***** Exercise inputs

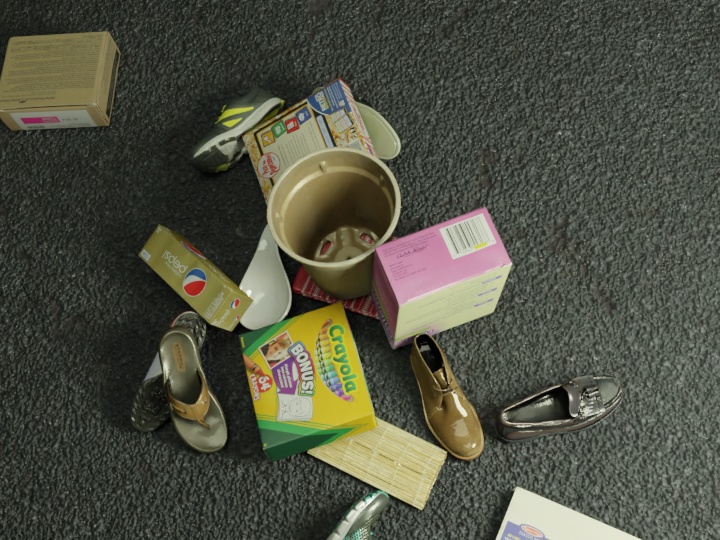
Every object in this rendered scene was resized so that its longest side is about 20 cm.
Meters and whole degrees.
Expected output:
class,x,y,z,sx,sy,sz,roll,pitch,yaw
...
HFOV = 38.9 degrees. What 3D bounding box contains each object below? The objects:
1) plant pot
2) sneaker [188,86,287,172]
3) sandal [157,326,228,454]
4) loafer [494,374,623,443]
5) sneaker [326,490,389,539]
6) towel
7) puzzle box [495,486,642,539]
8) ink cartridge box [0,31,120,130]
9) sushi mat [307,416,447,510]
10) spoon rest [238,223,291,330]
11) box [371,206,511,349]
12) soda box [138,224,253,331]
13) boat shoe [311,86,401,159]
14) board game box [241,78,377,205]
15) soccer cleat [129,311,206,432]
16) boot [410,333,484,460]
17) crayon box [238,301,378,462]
class,x,y,z,sx,sy,sz,roll,pitch,yaw
plant pot,-0.027,-0.053,1.559,0.197,0.184,0.203,-4,62,7
sneaker,-0.222,-0.246,1.779,0.199,0.075,0.085,-36,58,-19
sandal,-0.256,0.183,1.544,0.081,0.055,0.203,-14,91,-10
loafer,0.290,0.199,1.481,0.198,0.063,0.073,-19,63,0
sneaker,-0.012,0.405,1.438,0.091,0.078,0.201,37,78,6
towel,0.000,0.000,1.646,0.198,0.023,0.146,17,69,16
puzzle box,0.283,0.399,1.408,0.198,0.025,0.134,21,70,18
ink cartridge box,-0.553,-0.347,1.870,0.197,0.075,0.167,-1,66,8
sushi mat,0.024,0.270,1.518,0.198,0.012,0.096,23,71,19
spoon rest,-0.148,0.003,1.644,0.098,0.061,0.202,0,63,19
box,0.114,0.015,1.506,0.174,0.200,0.098,-20,69,-8
soda box,-0.265,0.012,1.636,0.200,0.068,0.064,40,95,30
boat shoe,0.005,-0.256,1.745,0.198,0.075,0.066,31,30,28
board game box,-0.085,-0.203,1.700,0.198,0.046,0.153,-27,71,16
soccer cleat,-0.301,0.158,1.604,0.068,0.073,0.202,25,86,-12
boot,0.122,0.185,1.509,0.073,0.076,0.202,-23,64,-4
crayon box,-0.081,0.166,1.549,0.170,0.058,0.202,-19,57,1
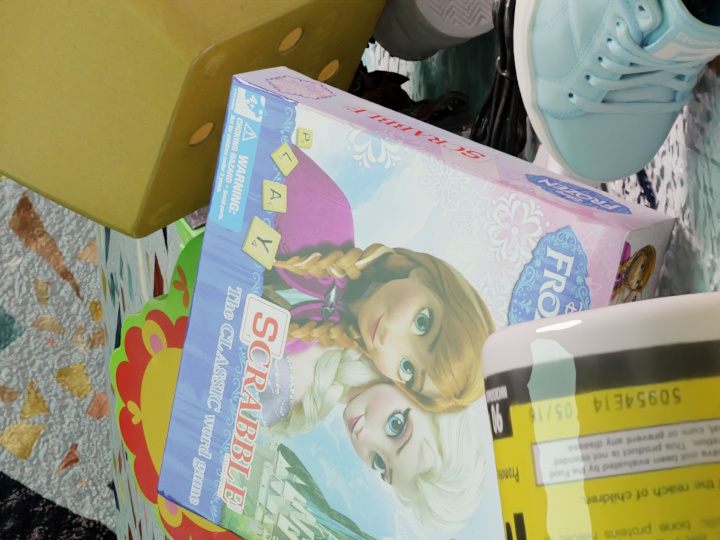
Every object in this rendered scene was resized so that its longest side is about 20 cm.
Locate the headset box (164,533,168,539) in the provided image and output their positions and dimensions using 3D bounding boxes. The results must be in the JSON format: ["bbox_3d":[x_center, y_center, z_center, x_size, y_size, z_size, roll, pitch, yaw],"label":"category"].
[{"bbox_3d":[-0.065,0.146,1.310,0.200,0.075,0.149,-100,21,-53],"label":"headset box"}]

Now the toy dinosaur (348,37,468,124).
[{"bbox_3d":[-0.030,-0.088,1.207,0.102,0.199,0.136,33,-118,-70],"label":"toy dinosaur"}]

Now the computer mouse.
[{"bbox_3d":[0.080,-0.018,0.980,0.110,0.044,0.201,107,155,-59],"label":"computer mouse"}]

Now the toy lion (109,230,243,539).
[{"bbox_3d":[-0.058,0.064,1.114,0.191,0.069,0.201,28,126,43],"label":"toy lion"}]

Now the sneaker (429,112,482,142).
[{"bbox_3d":[0.000,0.000,1.129,0.200,0.078,0.090,-26,101,44],"label":"sneaker"}]

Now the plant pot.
[{"bbox_3d":[-0.101,-0.137,1.082,0.176,0.200,0.200,46,140,18],"label":"plant pot"}]

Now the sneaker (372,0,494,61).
[{"bbox_3d":[0.017,-0.203,1.118,0.116,0.073,0.201,160,102,-74],"label":"sneaker"}]

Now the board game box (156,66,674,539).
[{"bbox_3d":[0.015,0.040,0.948,0.199,0.041,0.201,22,112,30],"label":"board game box"}]

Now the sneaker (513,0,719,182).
[{"bbox_3d":[0.100,-0.093,0.782,0.200,0.074,0.082,95,167,-45],"label":"sneaker"}]

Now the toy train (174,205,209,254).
[{"bbox_3d":[-0.064,0.011,1.318,0.200,0.042,0.057,48,157,53],"label":"toy train"}]

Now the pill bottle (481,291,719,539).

**********

What is needed: An exact copy of every entry above is required, without the pictures.

Finished exercise:
Every object in this rendered scene was resized so that its longest side is about 20 cm.
Meters and whole degrees.
Expected output:
class,x,y,z,sx,sy,sz,roll,pitch,yaw
...
HFOV = 38.9 degrees. What 3D bounding box contains each object below? The objects:
1) plant pot
2) sneaker [188,86,287,172]
3) sandal [157,326,228,454]
4) loafer [494,374,623,443]
5) sneaker [326,490,389,539]
6) towel
7) puzzle box [495,486,642,539]
8) ink cartridge box [0,31,120,130]
9) sushi mat [307,416,447,510]
10) spoon rest [238,223,291,330]
11) box [371,206,511,349]
12) soda box [138,224,253,331]
13) boat shoe [311,86,401,159]
14) board game box [241,78,377,205]
15) soccer cleat [129,311,206,432]
16) boot [410,333,484,460]
17) crayon box [238,301,378,462]
class,x,y,z,sx,sy,sz,roll,pitch,yaw
plant pot,-0.027,-0.053,1.559,0.197,0.184,0.203,-4,62,7
sneaker,-0.222,-0.246,1.779,0.199,0.075,0.085,-36,58,-19
sandal,-0.256,0.183,1.544,0.081,0.055,0.203,-14,91,-10
loafer,0.290,0.199,1.481,0.198,0.063,0.073,-19,63,0
sneaker,-0.012,0.405,1.438,0.091,0.078,0.201,37,78,6
towel,0.000,0.000,1.646,0.198,0.023,0.146,17,69,16
puzzle box,0.283,0.399,1.408,0.198,0.025,0.134,21,70,18
ink cartridge box,-0.553,-0.347,1.870,0.197,0.075,0.167,-1,66,8
sushi mat,0.024,0.270,1.518,0.198,0.012,0.096,23,71,19
spoon rest,-0.148,0.003,1.644,0.098,0.061,0.202,0,63,19
box,0.114,0.015,1.506,0.174,0.200,0.098,-20,69,-8
soda box,-0.265,0.012,1.636,0.200,0.068,0.064,40,95,30
boat shoe,0.005,-0.256,1.745,0.198,0.075,0.066,31,30,28
board game box,-0.085,-0.203,1.700,0.198,0.046,0.153,-27,71,16
soccer cleat,-0.301,0.158,1.604,0.068,0.073,0.202,25,86,-12
boot,0.122,0.185,1.509,0.073,0.076,0.202,-23,64,-4
crayon box,-0.081,0.166,1.549,0.170,0.058,0.202,-19,57,1
Every object in this rendered scene was resized so that its longest side is about 20 cm.
Locate the headset box (164,533,168,539) in the provided image and output their positions and dimensions using 3D bounding boxes. The results must be in the JSON format: ["bbox_3d":[x_center, y_center, z_center, x_size, y_size, z_size, roll, pitch, yaw],"label":"category"].
[{"bbox_3d":[-0.065,0.146,1.310,0.200,0.075,0.149,-100,21,-53],"label":"headset box"}]

Now the toy dinosaur (348,37,468,124).
[{"bbox_3d":[-0.030,-0.088,1.207,0.102,0.199,0.136,33,-118,-70],"label":"toy dinosaur"}]

Now the computer mouse.
[{"bbox_3d":[0.080,-0.018,0.980,0.110,0.044,0.201,107,155,-59],"label":"computer mouse"}]

Now the toy lion (109,230,243,539).
[{"bbox_3d":[-0.058,0.064,1.114,0.191,0.069,0.201,28,126,43],"label":"toy lion"}]

Now the sneaker (429,112,482,142).
[{"bbox_3d":[0.000,0.000,1.129,0.200,0.078,0.090,-26,101,44],"label":"sneaker"}]

Now the plant pot.
[{"bbox_3d":[-0.101,-0.137,1.082,0.176,0.200,0.200,46,140,18],"label":"plant pot"}]

Now the sneaker (372,0,494,61).
[{"bbox_3d":[0.017,-0.203,1.118,0.116,0.073,0.201,160,102,-74],"label":"sneaker"}]

Now the board game box (156,66,674,539).
[{"bbox_3d":[0.015,0.040,0.948,0.199,0.041,0.201,22,112,30],"label":"board game box"}]

Now the sneaker (513,0,719,182).
[{"bbox_3d":[0.100,-0.093,0.782,0.200,0.074,0.082,95,167,-45],"label":"sneaker"}]

Now the toy train (174,205,209,254).
[{"bbox_3d":[-0.064,0.011,1.318,0.200,0.042,0.057,48,157,53],"label":"toy train"}]

Now the pill bottle (481,291,719,539).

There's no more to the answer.